Ancient Sheep Circle
I missed some beautiful dawn light first thing by sleeping in a bit, but I did sneak a cycle out to Burnsall this morning to enjoy a rare little window of stillness and dryness! Just after I got back the rain arrived and the strong winds are set to return tomorrow. Rather spoiled for choice today between three shots taken from exactly the same spot. I've been a bit boring in a way and chosen the one that continues the current mood. I'm seeing skeletal tress wherever I look at the moment and I find them mesmerisingly beautiful. I always have done. I'm really enjoying trying to capture that beauty with the camera. I'm finding it's not that easy!
It was interesting to have three very different pictures all taken while standing at the same spot. I've put the other two on my blipfolio as Branches and Floppy Ear. Did I make the right choice? And a second question for the naturalists out there: is it possible to determine the species of a tree merely from its shape? If you look at the link to 'Branches', does the pattern of the bark identify the tree in any way?

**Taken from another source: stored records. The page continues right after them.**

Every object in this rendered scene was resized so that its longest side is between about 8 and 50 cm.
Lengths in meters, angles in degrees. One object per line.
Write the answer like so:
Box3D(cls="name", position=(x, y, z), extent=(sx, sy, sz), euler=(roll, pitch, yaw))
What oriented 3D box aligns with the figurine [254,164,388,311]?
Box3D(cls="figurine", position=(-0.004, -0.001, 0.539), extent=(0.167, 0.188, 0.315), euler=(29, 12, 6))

The response to yesterday's straw poll has been fantastic. Thank you all so much for engaging with this so enthusiastically. All the comments make great reading. As I think everyone would have expected, A was the very clear winner. As I go to press, so to speak (although the lines are still open), the results are as follows (slightly changing the categories in the light of the results):
1. A) 40 votes: directly by word of mouth from friend or family
2. B) 10 votes: by chance, mainly through stumbling across a link on another web page
3. D) 6 votes: by reading a newspaper article about blip
4. E) 4 votes: via a Twitter feed
5. F) 0 votes: through searching for a site such as blip
Drmackem made the suggestion that blip spreads a bit like infectious disease, and that analogy is a good one on a number of different levels. We get infected with the bug and inevitably pass it on to our friends and 'nearest and dearest'. It would make for a fascinating epidemiological study.

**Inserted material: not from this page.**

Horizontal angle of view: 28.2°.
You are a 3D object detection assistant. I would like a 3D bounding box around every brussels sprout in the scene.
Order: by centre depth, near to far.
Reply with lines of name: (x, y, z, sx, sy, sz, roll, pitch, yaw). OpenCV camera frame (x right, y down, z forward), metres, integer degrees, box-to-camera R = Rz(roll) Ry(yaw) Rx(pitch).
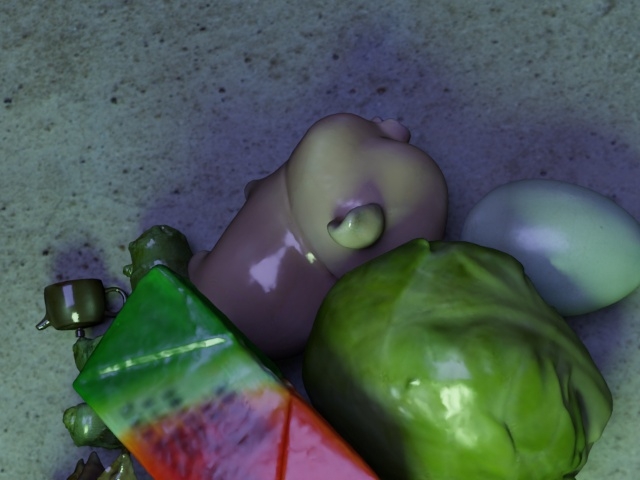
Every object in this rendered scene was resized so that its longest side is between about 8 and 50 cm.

Some wonderful blip relationships have emerged. In the blip family tree your mother can be your daughter and your grandson can be a cousin. The possibilities (and realities) are endless. Blip has spawned quite a lot of unique words like blipmeet, blipnic, blipmate etc., but I think a few new ones have now been coined. Most of us it seems have a blipmother or blipfather, and we subsequently breed our own blipsons and blipdaughters. Shotlandka has labelled herself a blipisland as she stumbled across blip by chance and has yet to pass the bug on - although I'm sure no one will ever be an island here for long. Perhaps we should coin those without a blipmother or blipfather a bliporphan! It's been a lot of fun to play with these ideas. Once again, thanks so much for contributing.